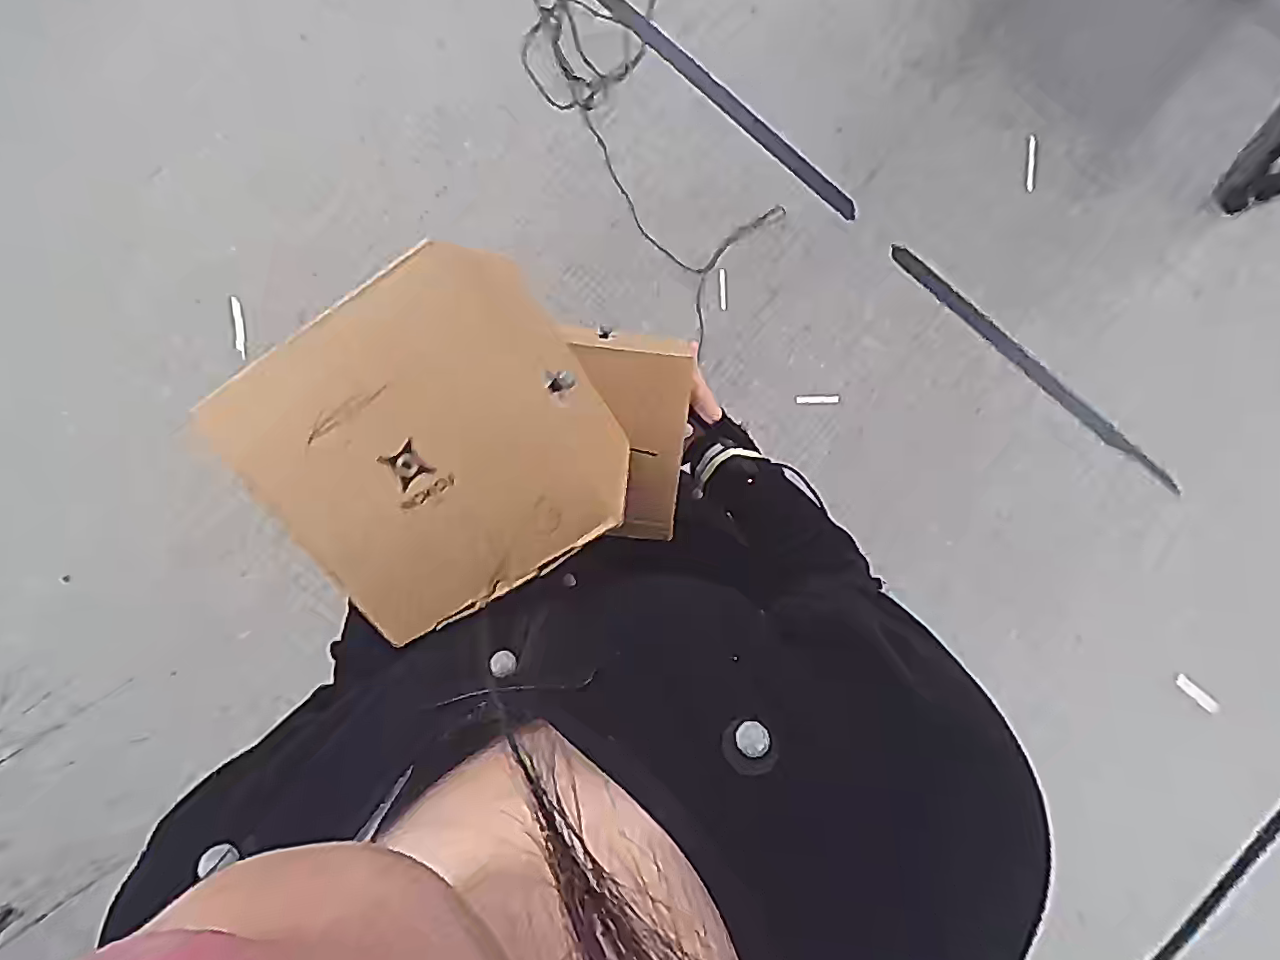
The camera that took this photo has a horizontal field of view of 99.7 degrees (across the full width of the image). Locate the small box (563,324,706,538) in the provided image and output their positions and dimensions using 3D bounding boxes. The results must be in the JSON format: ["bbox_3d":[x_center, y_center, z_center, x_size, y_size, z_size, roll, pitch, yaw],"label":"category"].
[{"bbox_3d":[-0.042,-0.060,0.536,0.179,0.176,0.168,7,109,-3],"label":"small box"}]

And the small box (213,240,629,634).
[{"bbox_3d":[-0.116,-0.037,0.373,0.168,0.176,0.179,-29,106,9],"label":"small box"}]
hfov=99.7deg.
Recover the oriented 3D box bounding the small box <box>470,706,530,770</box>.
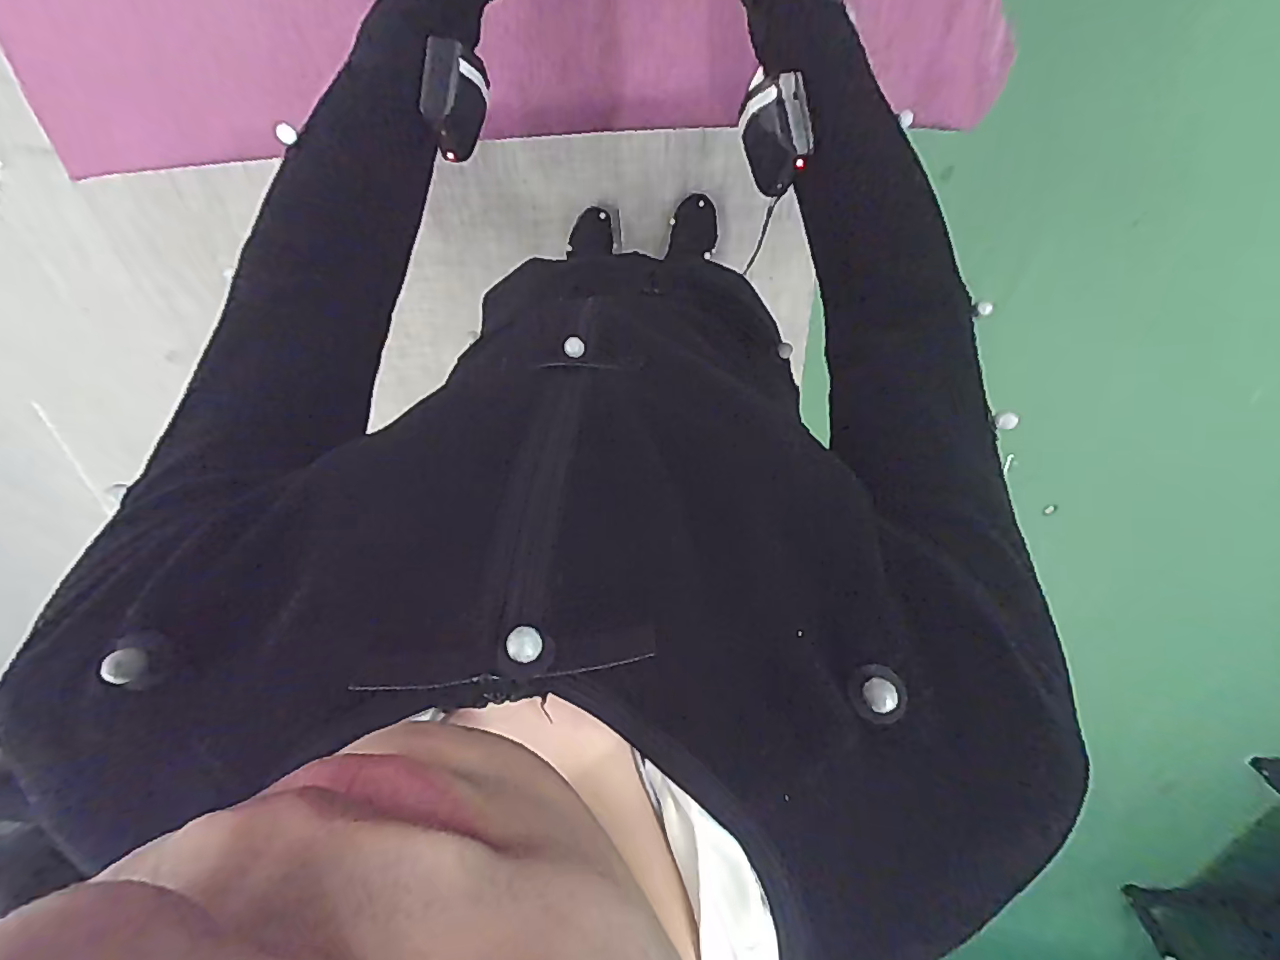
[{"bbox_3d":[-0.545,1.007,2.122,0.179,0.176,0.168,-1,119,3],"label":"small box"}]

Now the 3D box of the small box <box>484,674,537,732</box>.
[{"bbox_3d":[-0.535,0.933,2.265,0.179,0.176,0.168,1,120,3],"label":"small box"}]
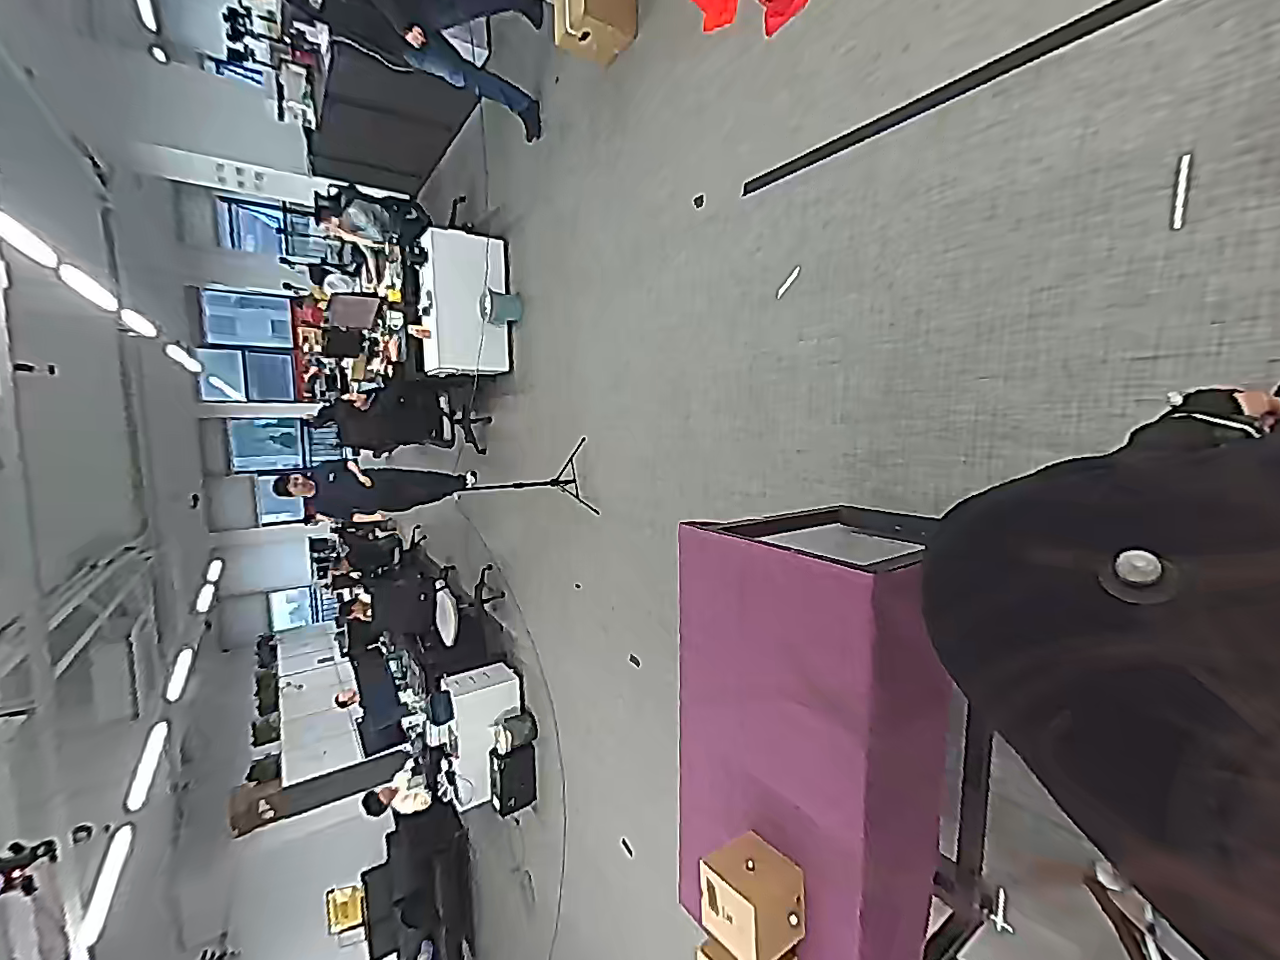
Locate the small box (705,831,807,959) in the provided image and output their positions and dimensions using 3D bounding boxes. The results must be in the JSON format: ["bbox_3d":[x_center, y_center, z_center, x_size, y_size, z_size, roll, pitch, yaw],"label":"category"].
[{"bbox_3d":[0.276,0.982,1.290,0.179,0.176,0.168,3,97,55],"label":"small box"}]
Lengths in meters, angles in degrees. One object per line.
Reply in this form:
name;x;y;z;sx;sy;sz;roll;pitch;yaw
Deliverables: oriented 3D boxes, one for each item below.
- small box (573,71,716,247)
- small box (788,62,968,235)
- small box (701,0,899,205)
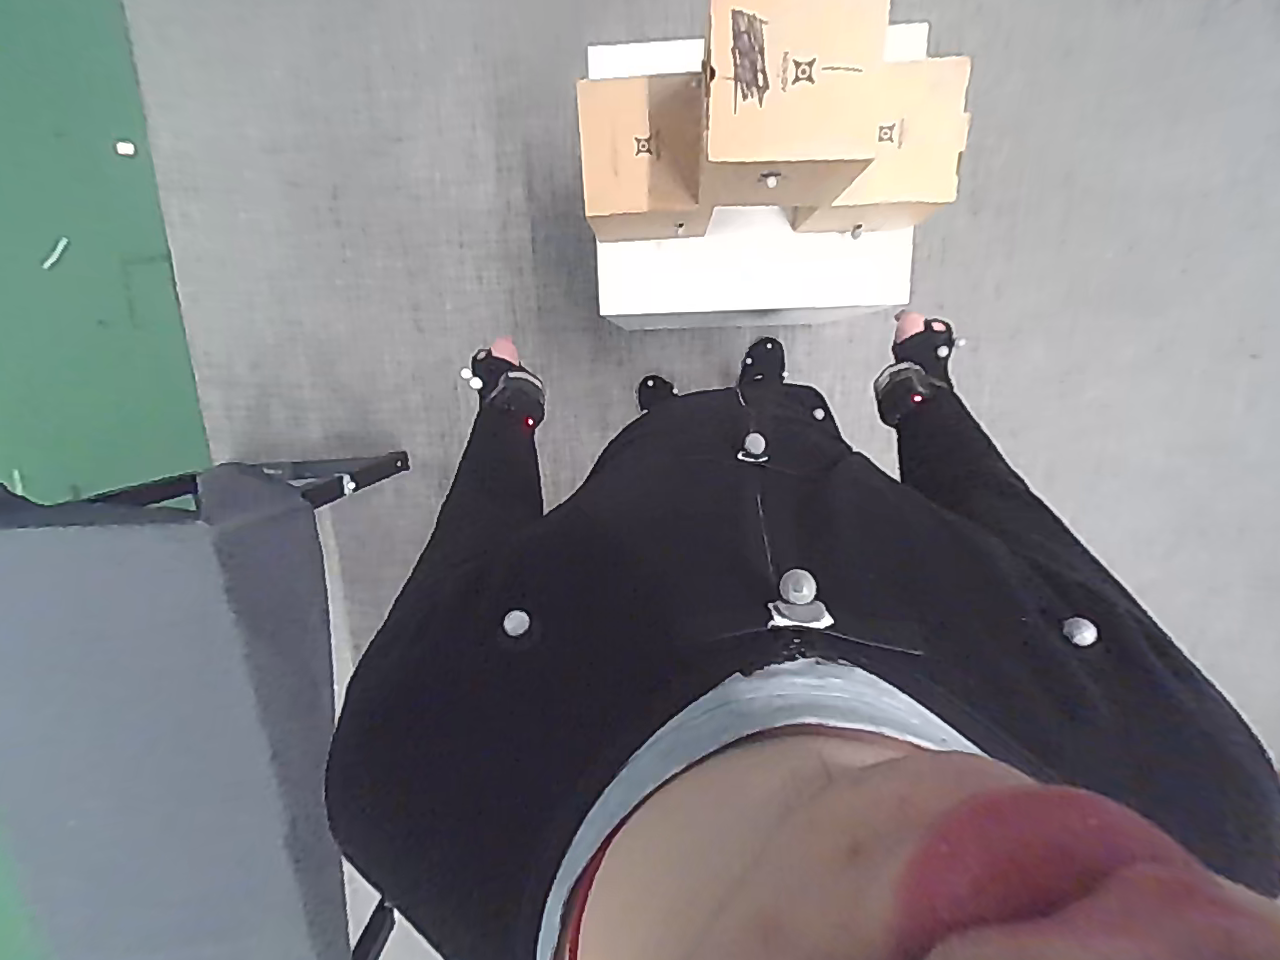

What is being asked: Copy the entries above exactly from the line with "Lengths in meters, angles" down to their last line, both ends included. Do not copy any pictures.

Task output:
Lengths in meters, angles in degrees. One object per line.
Reply in this form:
name;x;y;z;sx;sy;sz;roll;pitch;yaw
Deliverables: oriented 3D boxes, one for each item below.
- small box (573,71,716,247)
- small box (788,62,968,235)
- small box (701,0,899,205)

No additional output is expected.